Menu

Structured Writing, Structured Search

June 10, 2003

Jon Udell

The theme of my talk last month at the Open Source Content Management conference (OSCOM) was: "Everything you need to know about content management, you (should have) learned in grade school." I spent a lot of time talking about why and how to use URIs and HTML document titles in principled ways. These two namespaces are metadata stores that we typically fail to manage, but that can deliver powerful benefits.

I should have moved more quickly through that material, though, because what I really wanted to highlight was the same idea as applied to the XHTML namespace. In The Semantic Blog I suggested that we could achieve much more with simple XHTML content than we currently do. Two months down the road, the picture's a bit clearer than it was.

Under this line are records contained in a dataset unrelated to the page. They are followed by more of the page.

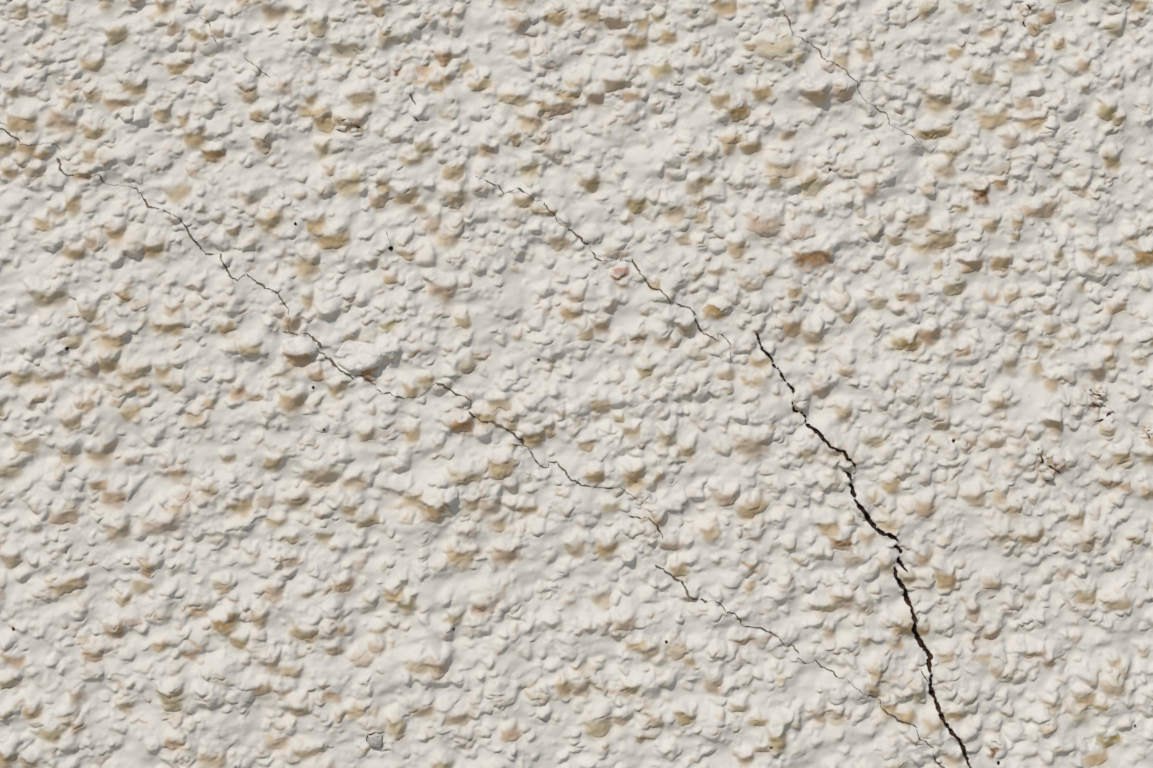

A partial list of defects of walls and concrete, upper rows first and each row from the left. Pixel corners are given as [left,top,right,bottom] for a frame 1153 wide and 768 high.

crack [780,0,917,141]
crack [0,122,663,538]
crack [476,176,972,768]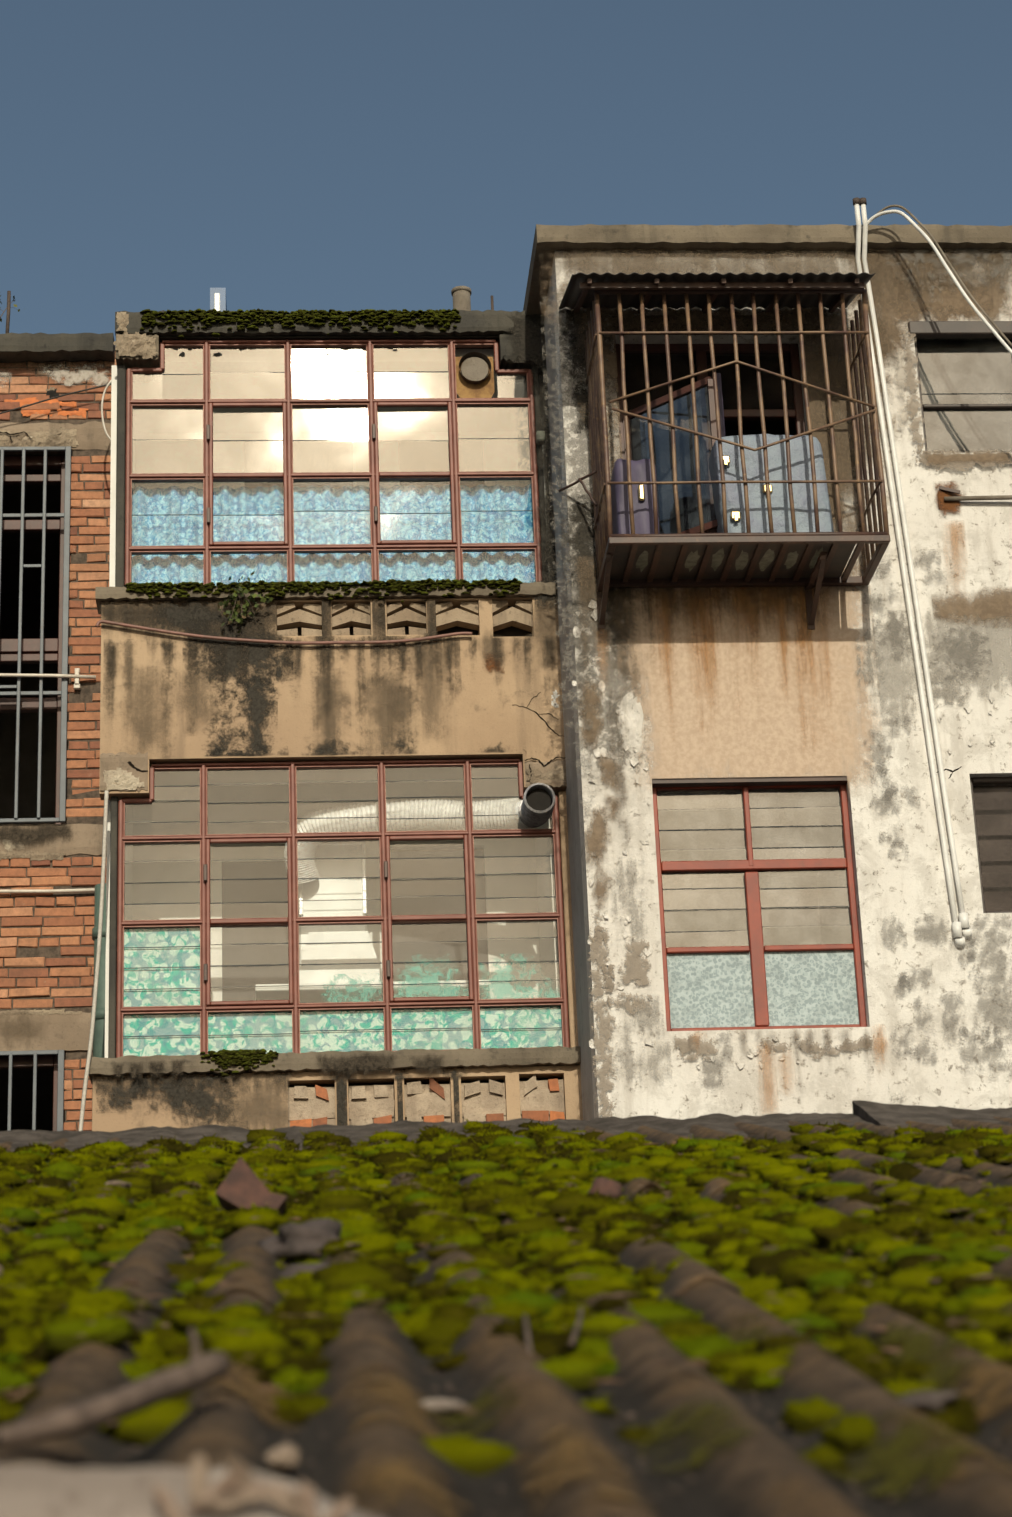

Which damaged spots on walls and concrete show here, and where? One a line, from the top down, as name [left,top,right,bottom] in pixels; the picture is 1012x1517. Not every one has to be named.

damp [101,247,1012,756]
peeling [573,599,598,638]
peeling [588,909,719,1117]
peeling [736,1033,874,1069]

In that column, I said that I was going to start including an <xhtml:body> element in my RSS feed. Now that it's been in place for two months, I admit it hasn't been entirely smooth sailing. I did work out how to use HTML Tidy to clean up the stuff I post through Radio UserLand. But in the end, that's not quite satisfactory. If the goal is to produce clean XHTML, you want more interaction than Tidy affords. Currently I wind up checking my work in an XML-savvy browser: IE or Mozilla. I'd like to be able to toggle between XML and HTML modes, but haven't sorted that out yet.

We are still in desperate need of lightweight WYSIWYG editing components that make XHTML useful to non-emacs-using (i.e. normal) people. I keep hearing about new efforts -- most recently, Mozile -- but so far, I've seen nothing that delivers the user experience I enjoyed back in 1996 in the Netscape mail/news client. It's fascinating to look back on this 1999 article, a condensation of my book. On the one hand, blogs have utterly reshaped collaborative knowledge management, which I then envisioned in terms of NNTP. On the other hand, the authoring capabilities I enjoyed then somehow elude us today. In a section of that article, subtitled "Not Your Grandfather's Newsreader," I wrote:

Communicator's Messenger and Internet Explorer's Outlook Express can both render and compose HTML. The mail/news composer in either product is a good-enough HTML authoring tool -- not for snazzy production Web pages, but for the kinds of office documents that people typically create. You can, in a WYSIWYG manner, compose HTML that uses tables, inline images (which can be dragged and dropped into place), hyperlinks, fonts, and color. You can't do these things in Usenet postings, because many people don't run HTML-aware mail/news clients. But rich messaging is entirely appropriate on a LAN or intranet where Communicator or IE is universally deployed.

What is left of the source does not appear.